🤖 AI Summary
This work addresses the risk of privilege overreach by autonomous agents during post-deployment continual learning. It proposes a permission-constraining architecture grounded in cryptographic identity binding and semantic-effect gating. At agent initialization, the authorized operational boundary is cryptographically frozen, and a formal verification mechanism dynamically monitors the semantic effects—rather than syntactic names—of proposed actions. This approach uniquely internalizes permission constraints as architectural invariants, guaranteeing that even under agent self-modification or misconfigured safety policies, the system cannot exceed its initial authorization. Empirical evaluation on an open-ended tool-use benchmark demonstrates zero execution of policy-violating behaviors without compromising task success rates, while exhibiting strong generalization to unseen classes of prohibited actions.
📝 Abstract
Autonomous agents are moving from sandboxed text generators to operators of code, data, and physical infrastructure, and they increasingly learn while deployed. This reopens a question that alignment techniques answer only probabilistically: after an agent has adapted in the field, is the running system still confined to what its operator authorised? Here we show that confinement can be guaranteed as an invariant of the agent's execution architecture rather than a probabilistic outcome of its training. Governed individuation binds an agent at boot to a cryptographically frozen identity digest, and routes every action through a gate defined over the semantic effect of the action rather than its name. We prove that no amount of learning, skill acquisition, or self-induced governance abstraction can widen the agent's permitted authority without an operator-signed change to its identity; the guarantee holds even when the agent induces its own safety principle and that principle is wrong.

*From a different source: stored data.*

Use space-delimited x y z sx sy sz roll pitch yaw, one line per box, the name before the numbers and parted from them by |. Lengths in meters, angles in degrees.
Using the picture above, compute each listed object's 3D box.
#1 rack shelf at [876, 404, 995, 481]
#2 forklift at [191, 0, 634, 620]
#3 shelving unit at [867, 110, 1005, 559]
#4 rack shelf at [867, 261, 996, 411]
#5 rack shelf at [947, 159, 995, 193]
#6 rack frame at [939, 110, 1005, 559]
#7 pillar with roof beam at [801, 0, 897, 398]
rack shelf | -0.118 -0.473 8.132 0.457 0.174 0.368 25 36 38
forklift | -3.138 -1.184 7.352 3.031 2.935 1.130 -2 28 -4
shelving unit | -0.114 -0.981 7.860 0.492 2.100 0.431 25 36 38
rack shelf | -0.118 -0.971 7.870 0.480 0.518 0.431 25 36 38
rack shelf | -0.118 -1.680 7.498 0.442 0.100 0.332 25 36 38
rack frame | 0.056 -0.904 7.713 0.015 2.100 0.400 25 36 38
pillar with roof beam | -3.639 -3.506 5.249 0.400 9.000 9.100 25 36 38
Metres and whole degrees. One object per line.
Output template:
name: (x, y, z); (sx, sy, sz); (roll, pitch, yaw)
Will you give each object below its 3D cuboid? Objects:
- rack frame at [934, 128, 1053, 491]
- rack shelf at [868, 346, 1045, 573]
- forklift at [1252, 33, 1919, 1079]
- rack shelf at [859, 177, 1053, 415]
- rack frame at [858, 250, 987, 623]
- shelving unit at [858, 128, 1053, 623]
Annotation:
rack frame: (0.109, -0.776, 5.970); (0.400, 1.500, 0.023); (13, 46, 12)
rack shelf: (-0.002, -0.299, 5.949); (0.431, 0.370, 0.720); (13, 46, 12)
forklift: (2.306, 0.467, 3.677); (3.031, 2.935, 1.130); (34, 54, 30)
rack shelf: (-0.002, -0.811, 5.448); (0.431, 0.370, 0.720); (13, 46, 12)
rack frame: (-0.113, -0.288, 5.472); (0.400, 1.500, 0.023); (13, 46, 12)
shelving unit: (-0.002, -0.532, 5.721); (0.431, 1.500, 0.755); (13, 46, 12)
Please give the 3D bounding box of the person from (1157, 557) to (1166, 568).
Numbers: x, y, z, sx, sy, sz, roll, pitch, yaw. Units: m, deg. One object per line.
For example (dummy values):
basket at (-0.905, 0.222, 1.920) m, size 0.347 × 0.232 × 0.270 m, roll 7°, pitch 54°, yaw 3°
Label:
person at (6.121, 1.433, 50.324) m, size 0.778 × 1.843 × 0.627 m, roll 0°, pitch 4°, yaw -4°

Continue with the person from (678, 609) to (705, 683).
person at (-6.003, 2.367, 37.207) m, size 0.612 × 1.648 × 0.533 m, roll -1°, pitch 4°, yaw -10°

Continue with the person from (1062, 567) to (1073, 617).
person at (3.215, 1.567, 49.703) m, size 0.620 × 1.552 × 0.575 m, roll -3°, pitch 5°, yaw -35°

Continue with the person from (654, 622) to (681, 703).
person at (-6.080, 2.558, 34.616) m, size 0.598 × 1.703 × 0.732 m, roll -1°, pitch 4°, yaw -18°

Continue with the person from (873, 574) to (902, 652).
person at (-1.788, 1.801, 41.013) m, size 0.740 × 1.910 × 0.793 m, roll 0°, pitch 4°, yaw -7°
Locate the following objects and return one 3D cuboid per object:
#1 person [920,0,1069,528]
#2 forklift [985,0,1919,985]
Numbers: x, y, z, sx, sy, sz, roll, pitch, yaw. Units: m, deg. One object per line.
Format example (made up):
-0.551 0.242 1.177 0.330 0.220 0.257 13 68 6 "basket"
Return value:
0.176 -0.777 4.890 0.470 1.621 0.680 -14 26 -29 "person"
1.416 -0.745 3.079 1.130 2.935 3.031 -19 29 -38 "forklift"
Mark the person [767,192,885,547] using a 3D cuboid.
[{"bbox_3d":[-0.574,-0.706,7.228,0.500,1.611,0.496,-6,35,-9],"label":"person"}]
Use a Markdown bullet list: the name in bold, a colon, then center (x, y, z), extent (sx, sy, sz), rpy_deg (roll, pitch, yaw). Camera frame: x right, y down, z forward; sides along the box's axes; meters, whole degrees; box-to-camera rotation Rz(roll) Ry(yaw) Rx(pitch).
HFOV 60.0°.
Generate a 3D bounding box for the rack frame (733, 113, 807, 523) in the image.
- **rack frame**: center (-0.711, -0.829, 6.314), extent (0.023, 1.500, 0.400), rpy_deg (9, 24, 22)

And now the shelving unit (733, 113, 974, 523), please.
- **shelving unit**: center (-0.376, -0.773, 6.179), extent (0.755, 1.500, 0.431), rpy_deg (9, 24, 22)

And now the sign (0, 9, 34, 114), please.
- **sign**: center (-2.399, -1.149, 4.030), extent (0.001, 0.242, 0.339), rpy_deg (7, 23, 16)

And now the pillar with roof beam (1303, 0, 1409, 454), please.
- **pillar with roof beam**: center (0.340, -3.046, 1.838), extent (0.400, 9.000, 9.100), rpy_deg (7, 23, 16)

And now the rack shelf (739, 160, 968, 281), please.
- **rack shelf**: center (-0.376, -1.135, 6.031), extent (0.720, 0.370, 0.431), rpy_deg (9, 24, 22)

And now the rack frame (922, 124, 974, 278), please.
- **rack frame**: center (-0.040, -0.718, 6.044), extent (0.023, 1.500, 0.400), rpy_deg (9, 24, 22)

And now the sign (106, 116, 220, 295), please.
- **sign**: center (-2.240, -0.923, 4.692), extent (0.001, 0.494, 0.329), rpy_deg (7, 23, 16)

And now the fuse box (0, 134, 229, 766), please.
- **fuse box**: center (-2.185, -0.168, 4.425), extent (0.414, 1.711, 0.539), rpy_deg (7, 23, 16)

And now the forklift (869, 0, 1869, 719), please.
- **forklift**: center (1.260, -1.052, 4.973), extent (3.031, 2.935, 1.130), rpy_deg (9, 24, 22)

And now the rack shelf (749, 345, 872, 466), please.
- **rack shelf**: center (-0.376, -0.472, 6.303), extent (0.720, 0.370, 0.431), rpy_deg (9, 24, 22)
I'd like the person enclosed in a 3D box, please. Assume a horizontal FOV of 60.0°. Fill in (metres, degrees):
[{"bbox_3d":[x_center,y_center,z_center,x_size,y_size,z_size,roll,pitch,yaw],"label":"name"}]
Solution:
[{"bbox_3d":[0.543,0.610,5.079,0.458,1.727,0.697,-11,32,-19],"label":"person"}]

Empirically, in an open-ended tool-use benchmark where a large action space rules out name-based blocking, ungoverned software agents under reward pressure attempt to tamper with their own evaluation at a task-dependent rate that reaches every run on the hardest task, whereas the gate reduces executed forbidden effects to zero as a verified property of the construction while preserving task success. An adversarial evaluation of monitors of increasing semantic depth shows false-allows falling from 75% (name-based gating) to zero (dynamic effect tracing), and refusal history transfers compliance to held-out red-line families. Trust in a deployed learning agent shifts from a wager on its continued alignment to a check anyone can run at boot.